- [Task]
Transcribe the records below exactly, leaving out any pictures.

- [Exercise data]
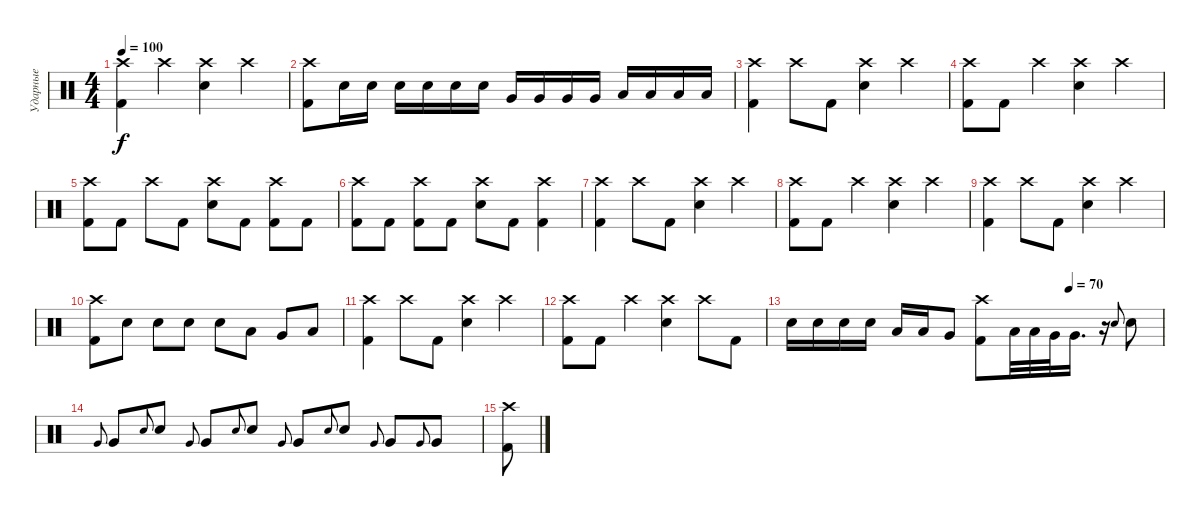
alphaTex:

\track ("Ударные" "Ударные") {instrument percussion}
\staff {score}
\articulation defaults
\ts (4 4)
\tempo 100
\clef neutral
\ks c
("Crash high (hit)" "Kick (hit) 2").4{dy f} "Crash high (hit)".4 ("Crash high (hit)" "Snare (hit) 2").4 "Crash high (hit)".4 |
("Crash high (hit)" "Kick (hit) 2").8 "Snare (hit) 2".16 "Snare (hit) 2".16 "Snare (hit) 2".16 "Snare (hit) 2".16 "Snare (hit) 2".16 "Snare (hit) 2".16 "Very Low Tom (hit)".16 "Very Low Tom (hit)".16 "Very Low Tom (hit)".16 "Very Low Tom (hit)".16 "Low Floor Tom (hit)".16 "Low Floor Tom (hit)".16 "Low Floor Tom (hit)".16 "Low Floor Tom (hit)".16 |
("Crash high (hit)" "Kick (hit) 2").4 "Crash high (hit)".8 "Kick (hit) 2".8 ("Crash high (hit)" "Snare (hit) 2").4 "Crash high (hit)".4 |
("Crash high (hit)" "Kick (hit) 2").8 "Kick (hit) 2".8 "Crash high (hit)".4 ("Crash high (hit)" "Snare (hit) 2").4 "Crash high (hit)".4 |
("Crash high (hit)" "Kick (hit) 2").8 "Kick (hit) 2".8 "Crash high (hit)".8 "Kick (hit) 2".8 ("Crash high (hit)" "Snare (hit) 2").8 "Kick (hit) 2".8 ("Crash high (hit)" "Kick (hit) 2").8 "Kick (hit) 2".8 |
("Crash high (hit)" "Kick (hit) 2").8 "Kick (hit) 2".8 ("Crash high (hit)" "Kick (hit) 2").8 "Kick (hit) 2".8 ("Crash high (hit)" "Snare (hit) 2").8 "Kick (hit) 2".8 ("Crash high (hit)" "Kick (hit) 2").4 |
("Crash high (hit)" "Kick (hit) 2").4 "Crash high (hit)".8 "Kick (hit) 2".8 ("Crash high (hit)" "Snare (hit) 2").4 "Crash high (hit)".4 |
("Crash high (hit)" "Kick (hit) 2").8 "Kick (hit) 2".8 "Crash high (hit)".4 ("Crash high (hit)" "Snare (hit) 2").4 "Crash high (hit)".4 |
("Crash high (hit)" "Kick (hit) 2").4 "Crash high (hit)".8 "Kick (hit) 2".8 ("Crash high (hit)" "Snare (hit) 2").4 "Crash high (hit)".4 |
("Crash high (hit)" "Kick (hit) 2").8 "Snare (hit) 2".8 "Snare (hit) 2".8 "Snare (hit) 2".8 "Snare (hit) 2".8 "Low Tom (hit)".8 "Very Low Tom (hit)".8 "Low Floor Tom (hit)".8 |
("Crash high (hit)" "Kick (hit) 2").4 "Crash high (hit)".8 "Kick (hit) 2".8 ("Crash high (hit)" "Snare (hit) 2").4 "Crash high (hit)".4 |
("Crash high (hit)" "Kick (hit) 2").8 "Kick (hit) 2".8 "Crash high (hit)".4 ("Crash high (hit)" "Snare (hit) 2").4 "Crash high (hit)".8 "Kick (hit) 2".8 |
\tempo (70 0.75)
"Snare (hit) 2".16 "Snare (hit) 2".16 "Snare (hit) 2".16 "Snare (hit) 2".16 "Low Tom (hit)".16 "Low Tom (hit)".16 "Very Low Tom (hit)".8 ("Crash high (hit)" "Kick (hit) 2").8 "Low Tom (hit)".32 "Low Tom (hit)".32 "Very Low Tom (hit)".32 "Very Low Tom (hit)".16{d} r.16 "Snare (hit) 2".8{gr onbeat} "Snare (hit) 2".8 |
"Very Low Tom (hit)".8{gr onbeat} "Very Low Tom (hit)".8 "Snare (hit) 2".8{gr onbeat} "Snare (hit) 2".8 "Very Low Tom (hit)".8{gr onbeat} "Very Low Tom (hit)".8 "Snare (hit) 2".8{gr onbeat} "Snare (hit) 2".8 "Very Low Tom (hit)".8{gr onbeat} "Very Low Tom (hit)".8 "Snare (hit) 2".8{gr onbeat} "Snare (hit) 2".8 "Very Low Tom (hit)".8{gr onbeat} "Very Low Tom (hit)".8 "Very Low Tom (hit)".8{gr onbeat} "Very Low Tom (hit)".8 |
("Crash high (hit)" "Kick (hit) 2").8

- [Task result]
alphaTex:

\track ("Ударные" "Ударные") {instrument percussion}
\staff {score}
\articulation defaults
\ts (4 4)
\tempo 100
\clef neutral
\ks c
("Crash high (hit)" "Kick (hit) 2").4{dy f} "Crash high (hit)".4 ("Crash high (hit)" "Snare (hit) 2").4 "Crash high (hit)".4 |
("Crash high (hit)" "Kick (hit) 2").8 "Snare (hit) 2".16 "Snare (hit) 2".16 "Snare (hit) 2".16 "Snare (hit) 2".16 "Snare (hit) 2".16 "Snare (hit) 2".16 "Very Low Tom (hit)".16 "Very Low Tom (hit)".16 "Very Low Tom (hit)".16 "Very Low Tom (hit)".16 "Low Floor Tom (hit)".16 "Low Floor Tom (hit)".16 "Low Floor Tom (hit)".16 "Low Floor Tom (hit)".16 |
("Crash high (hit)" "Kick (hit) 2").4 "Crash high (hit)".8 "Kick (hit) 2".8 ("Crash high (hit)" "Snare (hit) 2").4 "Crash high (hit)".4 |
("Crash high (hit)" "Kick (hit) 2").8 "Kick (hit) 2".8 "Crash high (hit)".4 ("Crash high (hit)" "Snare (hit) 2").4 "Crash high (hit)".4 |
("Crash high (hit)" "Kick (hit) 2").8 "Kick (hit) 2".8 "Crash high (hit)".8 "Kick (hit) 2".8 ("Crash high (hit)" "Snare (hit) 2").8 "Kick (hit) 2".8 ("Crash high (hit)" "Kick (hit) 2").8 "Kick (hit) 2".8 |
("Crash high (hit)" "Kick (hit) 2").8 "Kick (hit) 2".8 ("Crash high (hit)" "Kick (hit) 2").8 "Kick (hit) 2".8 ("Crash high (hit)" "Snare (hit) 2").8 "Kick (hit) 2".8 ("Crash high (hit)" "Kick (hit) 2").4 |
("Crash high (hit)" "Kick (hit) 2").4 "Crash high (hit)".8 "Kick (hit) 2".8 ("Crash high (hit)" "Snare (hit) 2").4 "Crash high (hit)".4 |
("Crash high (hit)" "Kick (hit) 2").8 "Kick (hit) 2".8 "Crash high (hit)".4 ("Crash high (hit)" "Snare (hit) 2").4 "Crash high (hit)".4 |
("Crash high (hit)" "Kick (hit) 2").4 "Crash high (hit)".8 "Kick (hit) 2".8 ("Crash high (hit)" "Snare (hit) 2").4 "Crash high (hit)".4 |
("Crash high (hit)" "Kick (hit) 2").8 "Snare (hit) 2".8 "Snare (hit) 2".8 "Snare (hit) 2".8 "Snare (hit) 2".8 "Low Tom (hit)".8 "Very Low Tom (hit)".8 "Low Floor Tom (hit)".8 |
("Crash high (hit)" "Kick (hit) 2").4 "Crash high (hit)".8 "Kick (hit) 2".8 ("Crash high (hit)" "Snare (hit) 2").4 "Crash high (hit)".4 |
("Crash high (hit)" "Kick (hit) 2").8 "Kick (hit) 2".8 "Crash high (hit)".4 ("Crash high (hit)" "Snare (hit) 2").4 "Crash high (hit)".8 "Kick (hit) 2".8 |
\tempo (70 0.75)
"Snare (hit) 2".16 "Snare (hit) 2".16 "Snare (hit) 2".16 "Snare (hit) 2".16 "Low Tom (hit)".16 "Low Tom (hit)".16 "Very Low Tom (hit)".8 ("Crash high (hit)" "Kick (hit) 2").8 "Low Tom (hit)".32 "Low Tom (hit)".32 "Very Low Tom (hit)".32 "Very Low Tom (hit)".16{d} r.16 "Snare (hit) 2".8{gr onbeat} "Snare (hit) 2".8 |
"Very Low Tom (hit)".8{gr onbeat} "Very Low Tom (hit)".8 "Snare (hit) 2".8{gr onbeat} "Snare (hit) 2".8 "Very Low Tom (hit)".8{gr onbeat} "Very Low Tom (hit)".8 "Snare (hit) 2".8{gr onbeat} "Snare (hit) 2".8 "Very Low Tom (hit)".8{gr onbeat} "Very Low Tom (hit)".8 "Snare (hit) 2".8{gr onbeat} "Snare (hit) 2".8 "Very Low Tom (hit)".8{gr onbeat} "Very Low Tom (hit)".8 "Very Low Tom (hit)".8{gr onbeat} "Very Low Tom (hit)".8 |
("Crash high (hit)" "Kick (hit) 2").8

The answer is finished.